● **Data supplied**
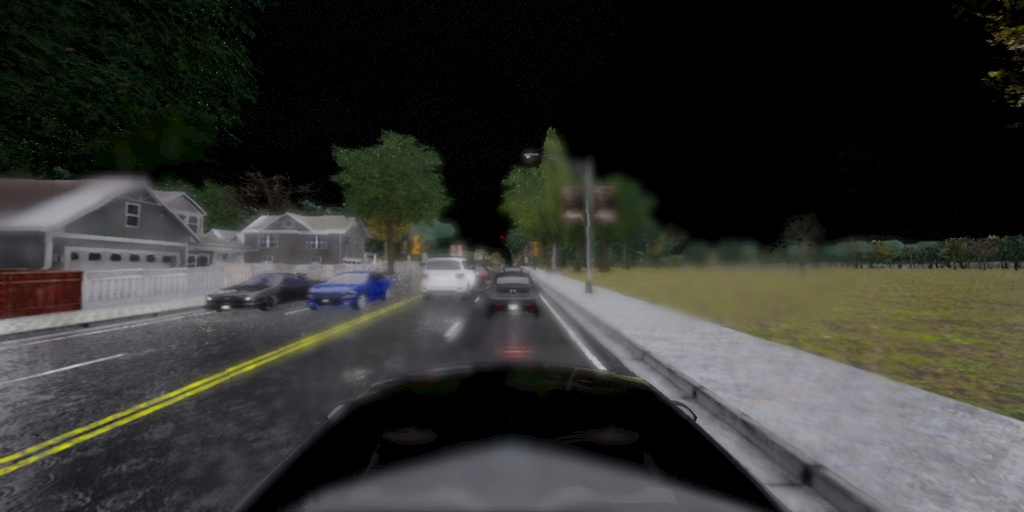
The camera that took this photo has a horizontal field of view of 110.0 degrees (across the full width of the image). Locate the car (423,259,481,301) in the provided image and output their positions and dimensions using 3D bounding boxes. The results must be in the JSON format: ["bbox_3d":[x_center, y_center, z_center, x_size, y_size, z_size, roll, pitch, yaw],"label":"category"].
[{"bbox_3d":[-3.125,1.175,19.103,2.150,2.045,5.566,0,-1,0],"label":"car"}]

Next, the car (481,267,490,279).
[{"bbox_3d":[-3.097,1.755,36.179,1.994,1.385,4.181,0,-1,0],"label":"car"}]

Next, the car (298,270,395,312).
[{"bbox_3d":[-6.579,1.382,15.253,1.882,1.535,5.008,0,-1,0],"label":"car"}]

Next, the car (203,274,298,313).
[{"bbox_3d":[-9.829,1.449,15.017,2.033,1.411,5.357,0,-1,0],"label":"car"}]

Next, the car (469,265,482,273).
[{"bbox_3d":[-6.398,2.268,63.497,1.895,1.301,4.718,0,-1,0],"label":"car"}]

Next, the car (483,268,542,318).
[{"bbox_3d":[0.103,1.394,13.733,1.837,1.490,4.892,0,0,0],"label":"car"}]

* * *

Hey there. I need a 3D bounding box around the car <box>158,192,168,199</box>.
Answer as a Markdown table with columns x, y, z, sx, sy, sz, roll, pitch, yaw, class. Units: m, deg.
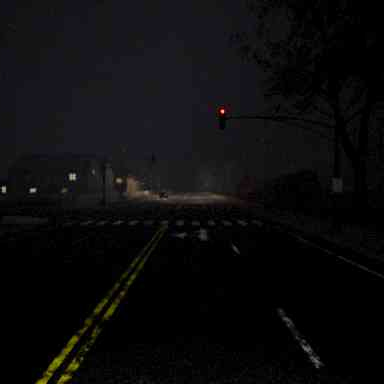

==

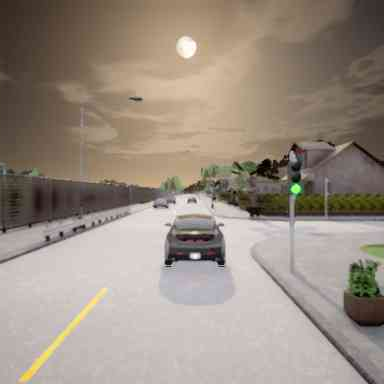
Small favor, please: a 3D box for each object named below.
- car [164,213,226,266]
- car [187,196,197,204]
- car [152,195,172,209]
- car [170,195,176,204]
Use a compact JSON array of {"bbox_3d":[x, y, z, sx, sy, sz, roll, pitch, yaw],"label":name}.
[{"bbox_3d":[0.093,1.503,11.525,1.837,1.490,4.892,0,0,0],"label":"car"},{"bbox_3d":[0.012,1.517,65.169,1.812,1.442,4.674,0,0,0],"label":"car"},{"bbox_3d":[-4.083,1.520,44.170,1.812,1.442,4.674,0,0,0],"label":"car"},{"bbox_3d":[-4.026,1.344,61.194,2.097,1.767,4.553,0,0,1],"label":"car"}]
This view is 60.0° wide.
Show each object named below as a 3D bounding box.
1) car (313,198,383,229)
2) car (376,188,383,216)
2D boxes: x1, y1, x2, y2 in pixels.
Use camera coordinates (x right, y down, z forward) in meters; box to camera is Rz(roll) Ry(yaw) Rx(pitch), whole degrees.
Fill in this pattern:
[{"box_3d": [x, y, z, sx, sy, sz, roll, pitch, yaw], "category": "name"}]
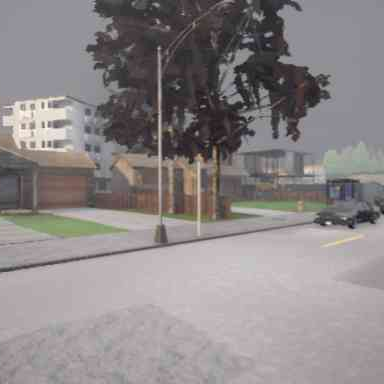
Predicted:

● **Problem to solve**
When a line in the records contains the string "below", it counts; state how many lines count, with no other words.

● **Task result**
2